*** Data listing ***

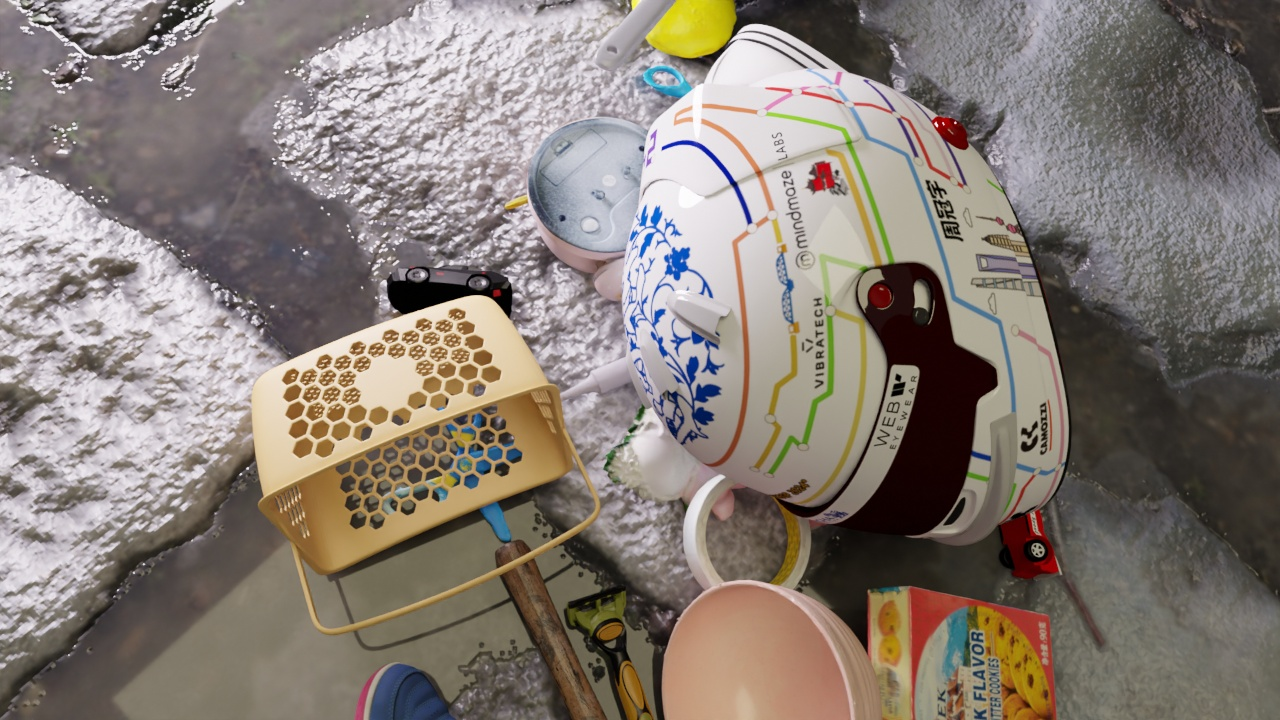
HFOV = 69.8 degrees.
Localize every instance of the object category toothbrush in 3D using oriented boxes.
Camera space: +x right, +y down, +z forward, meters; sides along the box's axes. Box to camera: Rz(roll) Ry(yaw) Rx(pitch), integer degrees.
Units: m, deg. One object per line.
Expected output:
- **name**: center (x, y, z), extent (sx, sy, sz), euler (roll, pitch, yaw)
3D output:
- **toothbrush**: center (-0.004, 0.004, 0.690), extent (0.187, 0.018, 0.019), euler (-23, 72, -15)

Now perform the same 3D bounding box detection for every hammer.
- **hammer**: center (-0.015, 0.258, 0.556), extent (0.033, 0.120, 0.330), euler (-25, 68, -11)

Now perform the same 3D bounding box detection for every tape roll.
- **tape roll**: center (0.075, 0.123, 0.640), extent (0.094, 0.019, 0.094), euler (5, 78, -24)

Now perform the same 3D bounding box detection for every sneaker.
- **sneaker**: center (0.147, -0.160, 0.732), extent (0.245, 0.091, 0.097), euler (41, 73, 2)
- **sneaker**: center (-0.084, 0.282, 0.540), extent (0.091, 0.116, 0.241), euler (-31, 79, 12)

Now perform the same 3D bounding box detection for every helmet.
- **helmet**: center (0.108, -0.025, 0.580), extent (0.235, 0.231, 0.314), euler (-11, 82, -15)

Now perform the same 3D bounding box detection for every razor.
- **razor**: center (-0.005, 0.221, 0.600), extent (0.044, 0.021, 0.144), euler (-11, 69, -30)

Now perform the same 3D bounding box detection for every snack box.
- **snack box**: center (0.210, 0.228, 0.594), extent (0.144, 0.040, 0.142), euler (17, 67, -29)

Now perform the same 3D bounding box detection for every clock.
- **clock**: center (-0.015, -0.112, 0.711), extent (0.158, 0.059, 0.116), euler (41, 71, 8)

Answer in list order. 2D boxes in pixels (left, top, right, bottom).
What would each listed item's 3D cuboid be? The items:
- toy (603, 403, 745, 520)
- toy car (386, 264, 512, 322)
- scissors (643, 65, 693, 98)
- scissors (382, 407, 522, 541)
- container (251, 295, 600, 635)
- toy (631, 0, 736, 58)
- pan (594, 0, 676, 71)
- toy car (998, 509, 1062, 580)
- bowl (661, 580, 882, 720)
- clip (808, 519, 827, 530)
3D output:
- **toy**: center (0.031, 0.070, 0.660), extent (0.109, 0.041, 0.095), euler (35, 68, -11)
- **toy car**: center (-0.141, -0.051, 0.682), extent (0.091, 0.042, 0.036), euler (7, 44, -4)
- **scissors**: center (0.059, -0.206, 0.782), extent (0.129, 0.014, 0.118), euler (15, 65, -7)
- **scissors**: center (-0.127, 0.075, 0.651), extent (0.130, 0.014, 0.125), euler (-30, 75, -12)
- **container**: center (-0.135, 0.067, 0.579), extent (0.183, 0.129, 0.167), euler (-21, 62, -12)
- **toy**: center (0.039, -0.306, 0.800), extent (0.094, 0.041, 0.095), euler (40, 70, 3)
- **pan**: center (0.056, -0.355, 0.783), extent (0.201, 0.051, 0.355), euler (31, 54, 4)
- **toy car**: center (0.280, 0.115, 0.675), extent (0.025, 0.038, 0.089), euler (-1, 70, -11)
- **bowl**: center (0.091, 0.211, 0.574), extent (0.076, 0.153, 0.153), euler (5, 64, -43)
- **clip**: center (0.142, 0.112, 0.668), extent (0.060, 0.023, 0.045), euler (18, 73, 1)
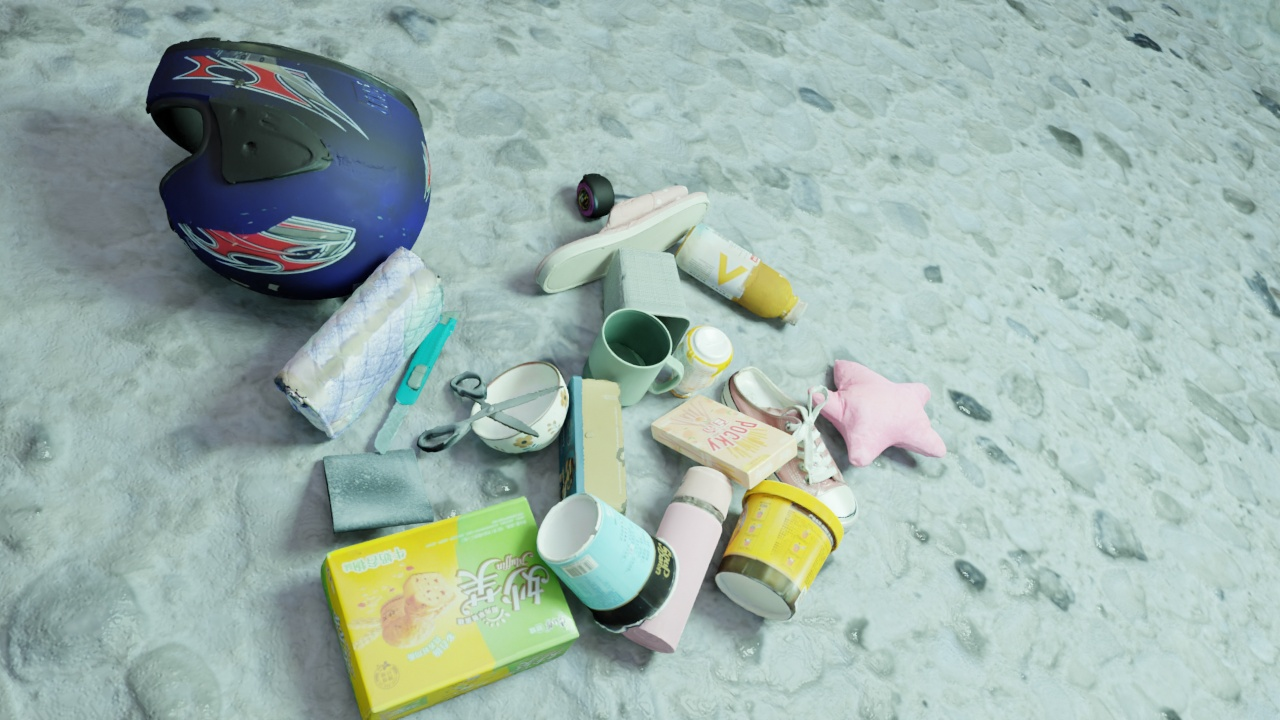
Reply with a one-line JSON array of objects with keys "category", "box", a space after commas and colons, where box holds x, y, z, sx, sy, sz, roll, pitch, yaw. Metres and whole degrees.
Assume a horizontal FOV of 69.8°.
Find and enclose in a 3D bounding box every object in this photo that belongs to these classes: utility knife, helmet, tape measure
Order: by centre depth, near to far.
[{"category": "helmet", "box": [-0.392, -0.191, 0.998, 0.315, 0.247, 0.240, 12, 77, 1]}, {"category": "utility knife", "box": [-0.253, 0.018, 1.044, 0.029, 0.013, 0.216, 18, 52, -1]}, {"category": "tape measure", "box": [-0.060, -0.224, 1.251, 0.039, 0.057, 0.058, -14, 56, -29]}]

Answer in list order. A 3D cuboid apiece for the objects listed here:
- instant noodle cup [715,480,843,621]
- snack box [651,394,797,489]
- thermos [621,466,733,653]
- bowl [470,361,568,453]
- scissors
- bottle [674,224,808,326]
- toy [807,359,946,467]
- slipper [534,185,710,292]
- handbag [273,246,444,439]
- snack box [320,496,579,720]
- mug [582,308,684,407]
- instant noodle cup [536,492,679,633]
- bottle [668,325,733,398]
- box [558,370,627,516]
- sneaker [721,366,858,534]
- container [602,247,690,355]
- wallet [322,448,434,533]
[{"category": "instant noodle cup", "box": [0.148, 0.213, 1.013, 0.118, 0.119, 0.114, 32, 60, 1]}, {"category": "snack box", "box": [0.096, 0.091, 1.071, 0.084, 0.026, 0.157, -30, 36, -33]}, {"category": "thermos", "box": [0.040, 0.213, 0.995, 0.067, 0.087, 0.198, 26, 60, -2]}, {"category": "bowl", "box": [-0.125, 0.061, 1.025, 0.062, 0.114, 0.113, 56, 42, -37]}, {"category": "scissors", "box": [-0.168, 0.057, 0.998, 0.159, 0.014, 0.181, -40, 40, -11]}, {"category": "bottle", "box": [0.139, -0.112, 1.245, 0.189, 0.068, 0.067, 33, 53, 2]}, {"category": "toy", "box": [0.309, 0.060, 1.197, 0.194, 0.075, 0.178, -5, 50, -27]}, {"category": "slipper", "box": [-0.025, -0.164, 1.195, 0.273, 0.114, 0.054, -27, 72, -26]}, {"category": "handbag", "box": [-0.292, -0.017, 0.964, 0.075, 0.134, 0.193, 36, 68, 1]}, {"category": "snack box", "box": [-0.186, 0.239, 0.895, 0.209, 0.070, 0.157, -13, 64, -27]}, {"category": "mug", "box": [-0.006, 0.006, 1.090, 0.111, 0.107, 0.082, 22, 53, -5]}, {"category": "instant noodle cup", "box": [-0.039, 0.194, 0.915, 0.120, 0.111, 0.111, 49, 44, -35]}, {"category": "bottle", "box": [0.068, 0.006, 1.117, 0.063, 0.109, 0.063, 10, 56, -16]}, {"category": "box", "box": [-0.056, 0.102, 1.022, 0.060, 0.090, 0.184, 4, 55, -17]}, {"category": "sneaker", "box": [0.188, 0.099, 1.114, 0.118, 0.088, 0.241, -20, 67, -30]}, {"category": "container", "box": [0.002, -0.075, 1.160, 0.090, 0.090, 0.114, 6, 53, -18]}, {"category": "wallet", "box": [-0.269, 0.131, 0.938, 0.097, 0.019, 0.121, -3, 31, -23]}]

*** End of Data listing ***
*** Data listing ***

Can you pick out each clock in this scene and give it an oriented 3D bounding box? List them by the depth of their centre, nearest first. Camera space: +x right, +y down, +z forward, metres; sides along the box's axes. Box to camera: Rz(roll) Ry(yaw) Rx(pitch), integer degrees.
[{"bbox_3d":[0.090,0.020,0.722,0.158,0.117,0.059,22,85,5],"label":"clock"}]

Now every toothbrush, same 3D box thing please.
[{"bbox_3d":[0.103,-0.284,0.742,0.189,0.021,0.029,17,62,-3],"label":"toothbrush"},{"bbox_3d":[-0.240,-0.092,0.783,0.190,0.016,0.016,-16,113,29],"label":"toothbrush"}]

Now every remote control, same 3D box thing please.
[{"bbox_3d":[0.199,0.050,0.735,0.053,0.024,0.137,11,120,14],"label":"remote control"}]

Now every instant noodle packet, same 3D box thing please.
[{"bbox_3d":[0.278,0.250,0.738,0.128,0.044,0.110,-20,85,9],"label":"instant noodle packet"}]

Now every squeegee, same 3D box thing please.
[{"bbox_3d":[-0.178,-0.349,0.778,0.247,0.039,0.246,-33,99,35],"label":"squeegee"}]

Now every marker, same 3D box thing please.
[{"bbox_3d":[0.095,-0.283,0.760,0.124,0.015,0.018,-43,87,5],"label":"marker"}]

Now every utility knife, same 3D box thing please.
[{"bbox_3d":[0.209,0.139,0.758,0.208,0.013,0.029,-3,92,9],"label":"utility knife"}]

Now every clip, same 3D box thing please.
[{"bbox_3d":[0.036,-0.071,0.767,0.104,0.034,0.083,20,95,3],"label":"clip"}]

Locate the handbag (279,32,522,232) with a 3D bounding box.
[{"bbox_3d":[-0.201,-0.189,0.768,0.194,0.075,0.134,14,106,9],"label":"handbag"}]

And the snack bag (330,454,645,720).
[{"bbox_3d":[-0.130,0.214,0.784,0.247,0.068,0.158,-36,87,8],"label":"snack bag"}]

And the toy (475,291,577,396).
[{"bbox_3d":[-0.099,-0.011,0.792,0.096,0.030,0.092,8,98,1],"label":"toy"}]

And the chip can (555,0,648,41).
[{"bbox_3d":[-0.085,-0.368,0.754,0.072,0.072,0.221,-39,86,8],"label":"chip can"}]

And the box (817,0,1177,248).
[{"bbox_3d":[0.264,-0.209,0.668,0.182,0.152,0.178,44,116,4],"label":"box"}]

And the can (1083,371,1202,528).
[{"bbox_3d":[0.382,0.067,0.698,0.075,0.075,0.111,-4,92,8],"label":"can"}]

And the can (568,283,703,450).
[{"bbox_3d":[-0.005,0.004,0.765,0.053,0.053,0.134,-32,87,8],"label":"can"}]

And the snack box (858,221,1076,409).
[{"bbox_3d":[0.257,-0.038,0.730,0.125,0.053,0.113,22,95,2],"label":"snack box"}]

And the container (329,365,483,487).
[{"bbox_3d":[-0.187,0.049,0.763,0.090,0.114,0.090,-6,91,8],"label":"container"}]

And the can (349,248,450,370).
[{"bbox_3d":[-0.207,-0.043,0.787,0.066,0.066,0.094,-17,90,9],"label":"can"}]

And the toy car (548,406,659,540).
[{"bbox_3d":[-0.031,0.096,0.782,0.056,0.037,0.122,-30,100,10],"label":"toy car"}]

*** End of Data listing ***

Problem to work on: Look over the material above and report each line holding "boxes".

Written solution:
Localize every instance of the object category toothbrush in 3D using oriented boxes.
Answer in list order. 2D boxes in pixels (left, top, right, bottom).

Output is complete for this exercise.